Differences in weight (kg) and total, abdominal and gynoid adipose mass (kg) between major and minor allele homozygotes at each of the seven nominally associated loci (P < 0.1) and between the first and fifth quintiles of the genetic burden score. Data are adjusted for age and sex (n = 2206). As described in the results, nominal gene–sex interactions were observed for total and abdominal adipose mass at the MC4R locus.
Figure 2.
Associations between the genetic burden score (expressed in quintiles) and obesity indices. Error bars are 95% confidence intervals.
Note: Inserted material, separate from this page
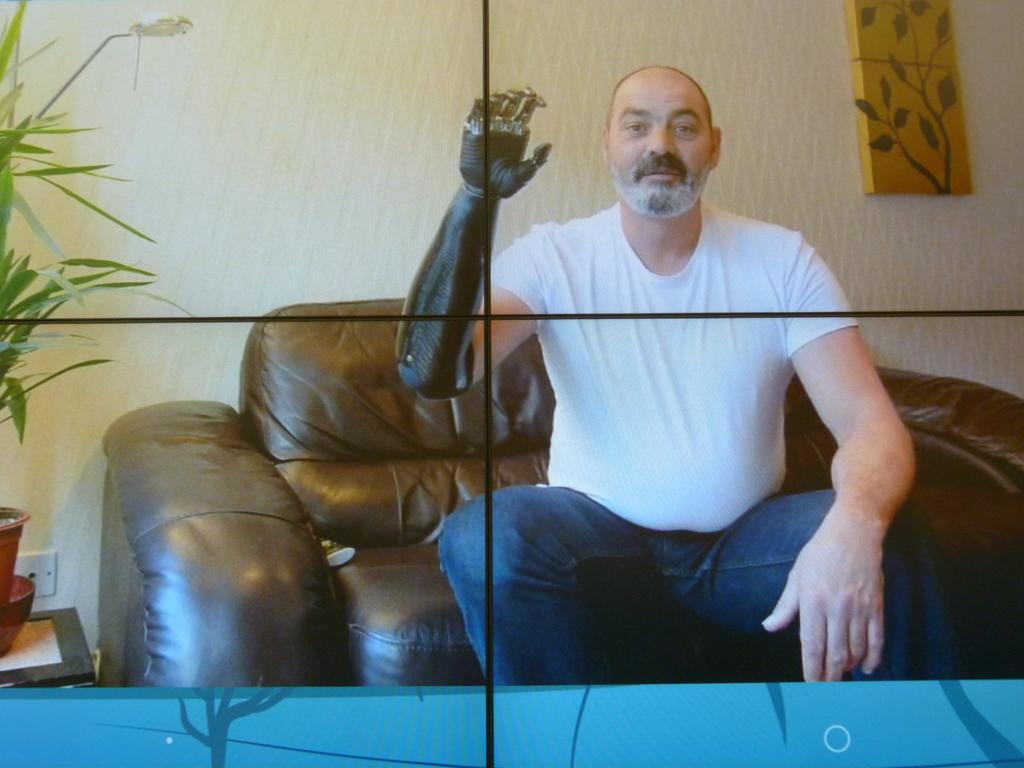What is the person in the image doing? The person is sitting on a chair in the image. What can be seen behind the person? There is a wall behind the person in the image. Are there any objects on a table in the image? Yes, there is a house plant on a table in the image. What type of jar can be seen on the table next to the person? There is no jar present on the table next to the person in the image.

P-values are derived from linear regression models adjusted for age and sex. (A) P = 2.32 × 10−5; (B) P = 3.69 × 10−6; (C) P = 0.0001; (D) P = 0.0004; (E) P = 0.0002; (F) P = 0.099).
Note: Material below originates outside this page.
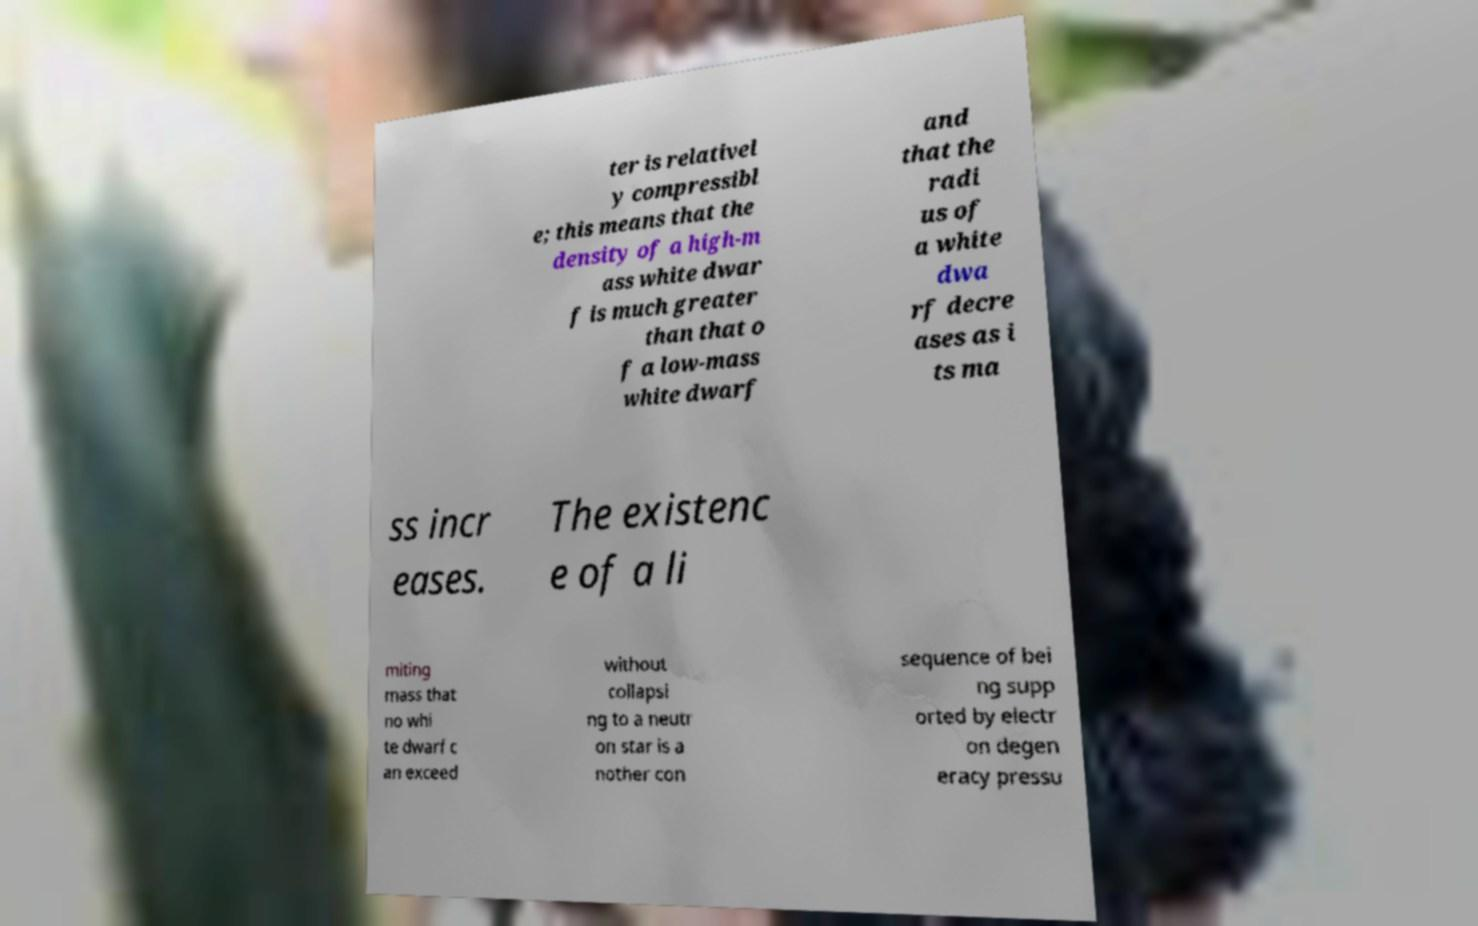Please identify and transcribe the text found in this image. ter is relativel y compressibl e; this means that the density of a high-m ass white dwar f is much greater than that o f a low-mass white dwarf and that the radi us of a white dwa rf decre ases as i ts ma ss incr eases. The existenc e of a li miting mass that no whi te dwarf c an exceed without collapsi ng to a neutr on star is a nother con sequence of bei ng supp orted by electr on degen eracy pressu

Genotype associations with obesity (categorical trait models)
The following results are derived from the cohort of non-diabetic individuals only (n = 3885). Table 4 shows obesity risk estimates (odds ratios; OR) for each of the genetic predictor variables ranked by magnitude of effect in non-diabetics. As with the BMI models reported above, the FTO rs1121980 variant was the most strongly associated SNP, with a per allele OR of 1.15 (95% CI 1.05–1.25; P = 0.0016). Five of the remaining SNPs (SH2B1, MTCH2, MC4R, NEGR1 and GNPDA2) were significantly associated with obesity in directions consistent with prior reports of association with BMI (6–8). For the GBS, the risk of obesity increased by 1.13 (95% CI 1.06–1.21; P = 0.0002) per SD unit increase, with a 1.40-fold (95% CI 1.14–1.72; P = 0.002) increased risk of being obese for those in the top compared with the bottom quintiles of the score. One SNP (MC4R rs17782313) statistically interacted with sex (P = 0.02), whereby the minor allele was associated with increased obesity risk in women (OR = 1.20; 95% CI 1.06–1.36; P = 0.0034), but no effect was observed in men (OR = 0.94; 95% CI 0.79–1.12; P = 0.48).
Table 4.
Estimates of obesity risk (odds ratios) and discriminative power (ROCAUCs) for nine purported obesity-risk variants singly and in combination in non-diabetic individuals (n = 3885)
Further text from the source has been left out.